----- Materials provided
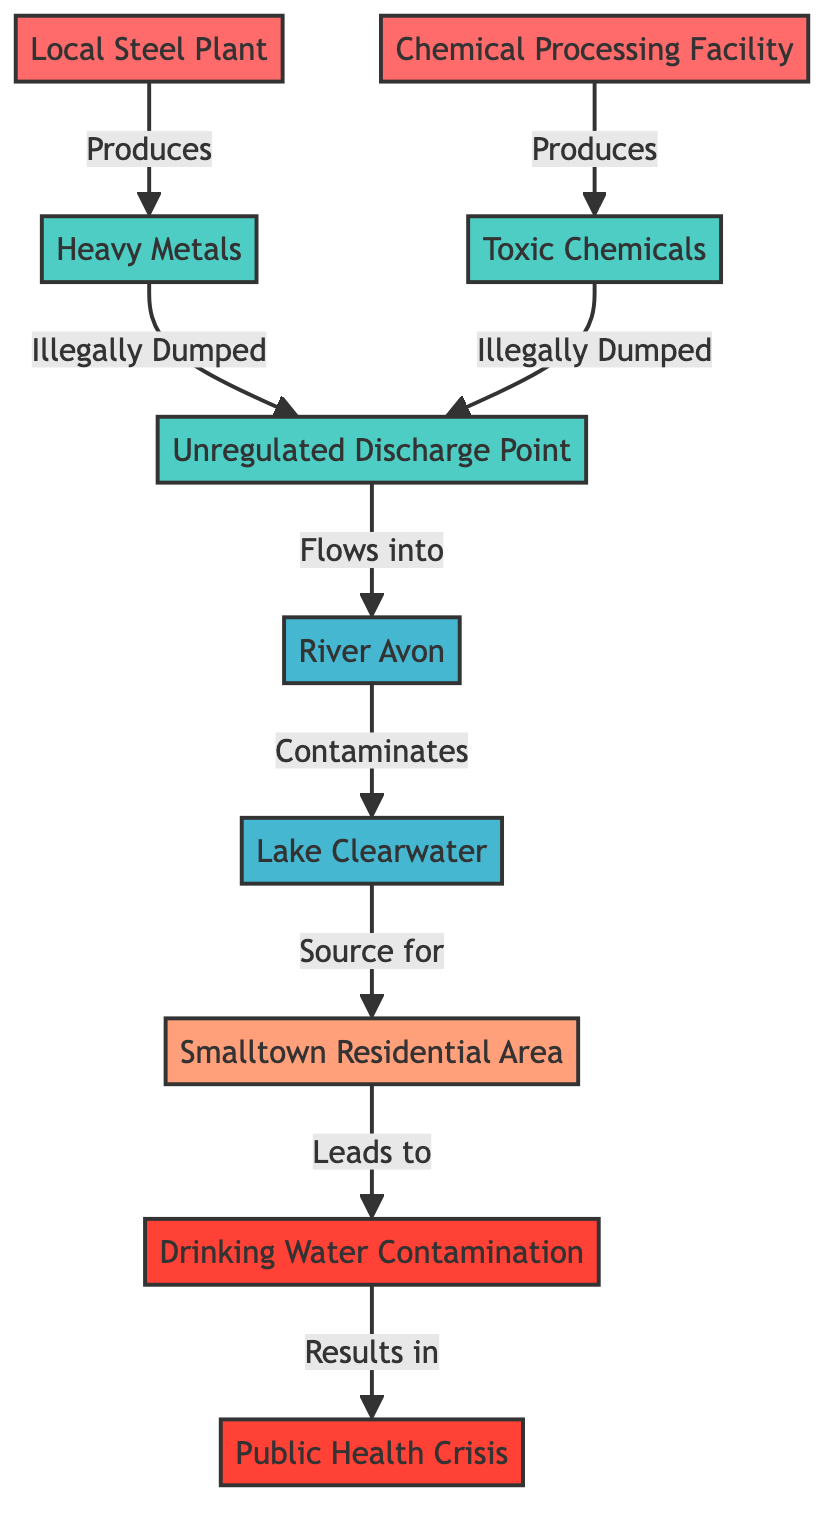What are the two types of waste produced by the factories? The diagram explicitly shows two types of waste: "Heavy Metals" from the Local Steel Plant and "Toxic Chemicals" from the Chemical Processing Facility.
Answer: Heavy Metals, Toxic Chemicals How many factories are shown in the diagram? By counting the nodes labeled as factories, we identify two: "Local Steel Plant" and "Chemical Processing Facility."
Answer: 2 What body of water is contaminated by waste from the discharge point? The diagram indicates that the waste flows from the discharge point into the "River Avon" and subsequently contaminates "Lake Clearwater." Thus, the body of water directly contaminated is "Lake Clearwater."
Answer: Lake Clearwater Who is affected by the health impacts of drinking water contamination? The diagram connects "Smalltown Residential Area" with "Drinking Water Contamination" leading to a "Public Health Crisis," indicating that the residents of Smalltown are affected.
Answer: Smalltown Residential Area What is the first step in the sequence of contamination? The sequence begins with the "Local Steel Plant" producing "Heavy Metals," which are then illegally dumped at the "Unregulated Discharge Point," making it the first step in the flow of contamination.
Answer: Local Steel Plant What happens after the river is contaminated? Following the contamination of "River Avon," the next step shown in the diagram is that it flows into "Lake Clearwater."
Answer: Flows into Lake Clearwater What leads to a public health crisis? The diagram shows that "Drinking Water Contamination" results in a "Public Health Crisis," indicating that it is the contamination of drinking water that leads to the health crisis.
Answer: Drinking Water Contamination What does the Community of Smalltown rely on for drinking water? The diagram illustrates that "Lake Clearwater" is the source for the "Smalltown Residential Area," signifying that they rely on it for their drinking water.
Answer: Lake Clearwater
----------
▶ _Required work_
Find the string "Crisis" in the material above. Then copy each line that has it.

▶ _Output for this exercise_
Answer: Lake Clearwater Who is affected by the health impacts of drinking water contamination? The diagram connects "Smalltown Residential Area" with "Drinking Water Contamination" leading to a "Public Health Crisis," indicating that the residents of Smalltown are affected.
Answer: Flows into Lake Clearwater What leads to a public health crisis? The diagram shows that "Drinking Water Contamination" results in a "Public Health Crisis," indicating that it is the contamination of drinking water that leads to the health crisis.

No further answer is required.